It is useful to remember that the post of PA prime minister was
originally forced on PLO, PA, and Fatah leader Yasir Arafat ten years
ago in the hope of getting the PA to be more moderate and more competent
as an economic and administrative entity. It has not worked too well.
But once you think about it, Hamdullah is the perfect PA prime
minister. His predecessor was Salam Fayyad. Fayyad, named six years ago,
was a serious economist who actually tried to curb the ruling Fatah
party’s corruption. The Western donors liked Fayyad and kept him in
office for years against the will of the Fatah bosses, who periodically
tried to get rid of him. They feared that if they forced out Fayyad, the
money would be cut off. At any rate, they blocked all of Fayyad’s
reform measures and he never played any significant role in negotiations
with Israel.
The Fatah bosses run the PA’s broad policy. Of the 18 members elected
in 2009 they are mainly hardliners, either radicals or old Arafat
loyalists. After the election, a moderate, Ahmad Qurei (better known as
Abu Ala), who missed out on election by two votes said, albeit with
exaggeration, that the Fatah elections were more dishonest than the
recent ones in Iran.
But even he, perhaps the most moderate individual in the higher ranks
of the organization, showed the culture of Fatah by accusing Israel of
fixing the election and those who won as being Israeli agents! So the
arguably most moderate leading figure claimed that Israel conspired to
control the election by picking hardliners. This tells you part of the
problem
The victory of people like Jibril Rajoub, Muhammad Dahlan, and Tawik Tirawi—all security force commanders—showed, he claimed that
“someone wants to see rubber stamps” in Fatah’s leadership. He implied
that these people were too soft on Israel and were actually willing to
make concessions as part of a comprehensive peace agreement. Of course,
such a comprehensive agreement has not appeared in the last four years
and is nowhere in sight.
No need to wonder why this conflict continues when you look at thinking and behavior like this.

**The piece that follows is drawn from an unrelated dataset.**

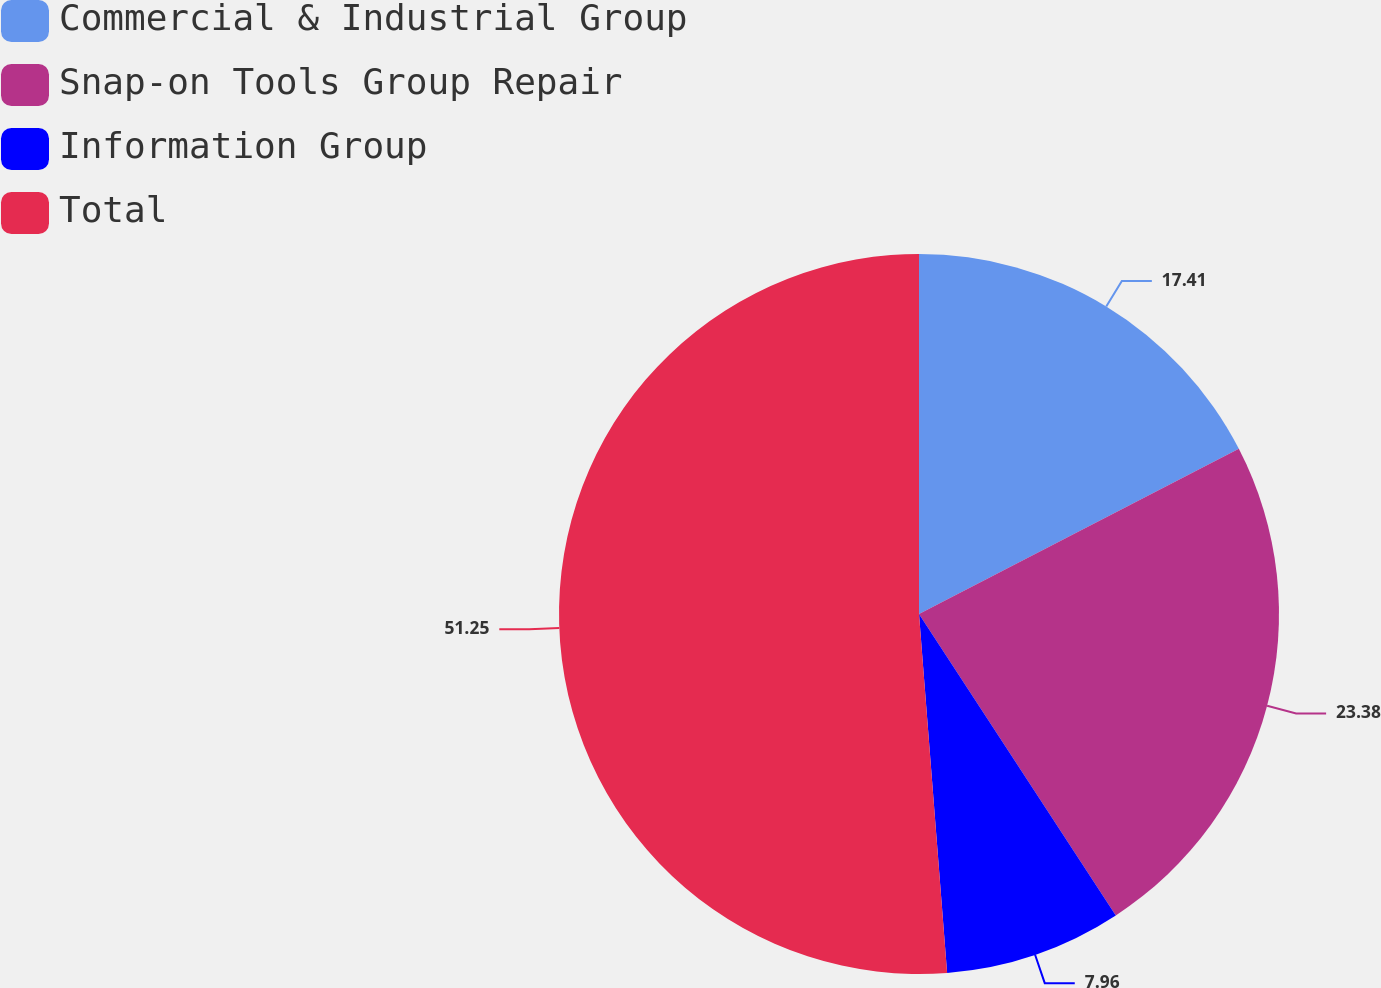Convert chart. <chart><loc_0><loc_0><loc_500><loc_500><pie_chart><fcel>Commercial & Industrial Group<fcel>Snap-on Tools Group Repair<fcel>Information Group<fcel>Total<nl><fcel>17.41%<fcel>23.38%<fcel>7.96%<fcel>51.24%<nl></chart>

At the same time, Gaza Strip leaders of Fatah have resigned. Even
aside from vote-fixing they do have a case. After all, since Hamas
prevented many from attending the meeting they couldn’t vote for
candidates from Gaza.
And there is still more. Who beat Abu Ala for the position on the
Fatah Central Committee? Tayyib Abd al-Rahman. He was for many years the
head of Arafat’s personal public relations’ operation. I remember him
well from the 1980s running Arafat’s press conferences. So much for new
leadership.
Now, however, it is a sign of the contempt that the Fatah bosses feel
toward President Barack Obama, as someone too powerless or unwilling to
pressure them. In fact, it is a sign of their low respect that the
replacement of Fayyad comes only a few days after Secretary of State
John Kerry offered them a fund of $4 billion of the PA went back to
negotiations with Israel. The PA refused.
According to the theory that the PA really wants a two-state
diplomatic solution with Israel, this makes no sense. Doesn’t it want to
compromise to end “oppression” and ”occupation” as soon as possible?
No, unfortunately they would rather wait decades in hopes of wiping
Israel off the map, or leaving the issue open for the next generation,
or fear that compromise would mean their being called traitors and
pushed out by their Islamist rival, Hamas.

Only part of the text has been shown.